4. To configure MySQL
because canal It's through subscribe MySQL Of binlog To achieve data synchronization , So we need to turn on MySQL Of binlog Write function , And set up binlog-format by ROW Pattern ,
my MySQL It's running in Alibaba cloud Docker Medium , And do the mount , So modify the external my.cnf File can , Add the following configuration
[mysqld]
## Set up server_id, You need to be unique in the same LAN
server_id=101
## Specify the name of the database that does not need to be synchronized
binlog-ignore-db=mysql
## Turn on binary log function
log-bin=mall-mysql-bin
## Set the memory size of binary log ( Business )
binlog_cache_size=1M
## Set the binary log format to use (mixed,statement,row)
binlog_format=row
## Binary log expiration cleanup time . The default value is 0, Does not automatically clean up .
expire_logs_days=7
## Skip all errors encountered in master-slave replication or errors of the specified type , avoid slave End copy interrupt .
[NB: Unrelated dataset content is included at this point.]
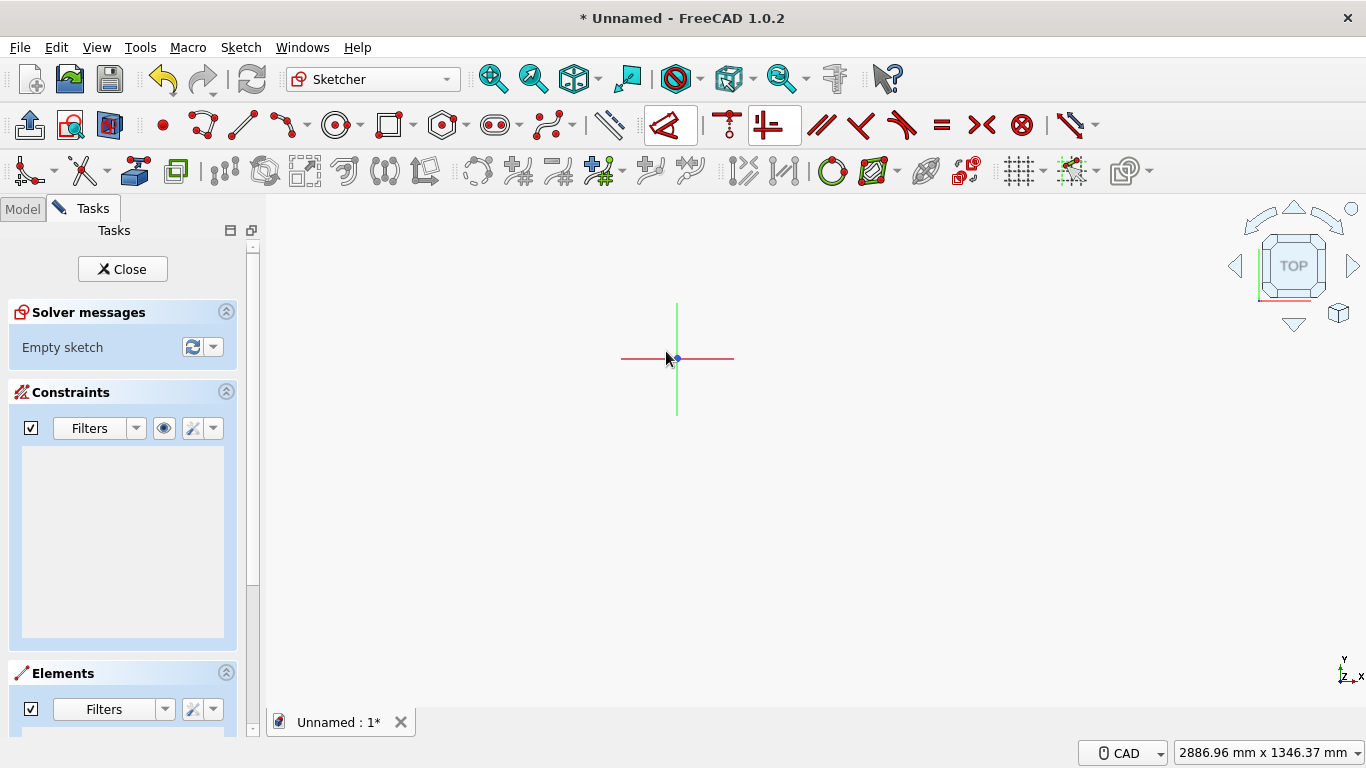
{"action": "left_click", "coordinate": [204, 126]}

## Such as :1062 An error is a duplicate of some primary keys ,1032 The error is because the master-slave database data is inconsistent
slave_skip_errors=1062
After the configuration is completed, you need to restart MySQL, After restart, use the following command to check binlog Is it enabled?
command
# see binlog Is it enabled?
show variables like '%log_bin%';
# Look at the MySQL Of binlog Pattern ;
show variables like 'binlog_format%';

Next, you need to create an account with permissions from the database , To subscribe to binlog, The account created here is
canal:canal
CREATE USER canal IDENTIFIED BY 'canal';
GRANT SELECT, REPLICATION SLAVE, REPLICATION CLIENT ON *.* TO 'canal'@'%';
FLUSH PRIVILEGES;
Create a database for testing bookstore, Then create a table book,
create table book(
id int(32) auto_increment primary key,
book_name varchar(32),
price double,
introduce varchar(2048),
press varchar(32),
author varchar(32),
publish_date DATE
)
5. To configure canal-server
Upload our canal.deployer-1.1.5-SNAPSHOT.tar.gz Extract to the specified directory
tar -zxvf canal.deployer-1.1.5-SNAPSHOT.tar.gz -C / Specify the path
Unzipped directory
├── bin
│ ├── restart.sh
│ ├── startup.bat
│ ├── startup.sh
│ └── stop.sh
├── conf
│ ├── canal_local.properties
│ ├── canal.properties
│ └── example
│ └── instance.properties
├── lib
├── logs
│ ├── canal
│ │ └── canal.log
│ └── example
│ ├── example.log
│ └── example.log
└── plugin
Modify the configuration
Modify the configuration file conf/example/instance.properties, You can configure it as follows , It is mainly to modify the database configuration ;
# Need to synchronize data MySQL Address
canal.instance.master.address=ip Address :3306
canal.instance.master.journal.name=
canal.instance.master.position=
canal.instance.master.timestamp=
canal.instance.master.gtid=
# The account data is used to synchronize the database
canal.instance.dbUsername=canal
# Database password used to synchronize data
canal.instance.dbPassword=canal
# Database connection code
canal.instance.connectionCharset = UTF-8
# Need to subscribe to binlog Filter table of regular expressions
canal.instance.filter.regex=.*\\..*
Modify operation parameters
because canal The default operation requires a large amount of memory , Let's revise it here ( This step is very important )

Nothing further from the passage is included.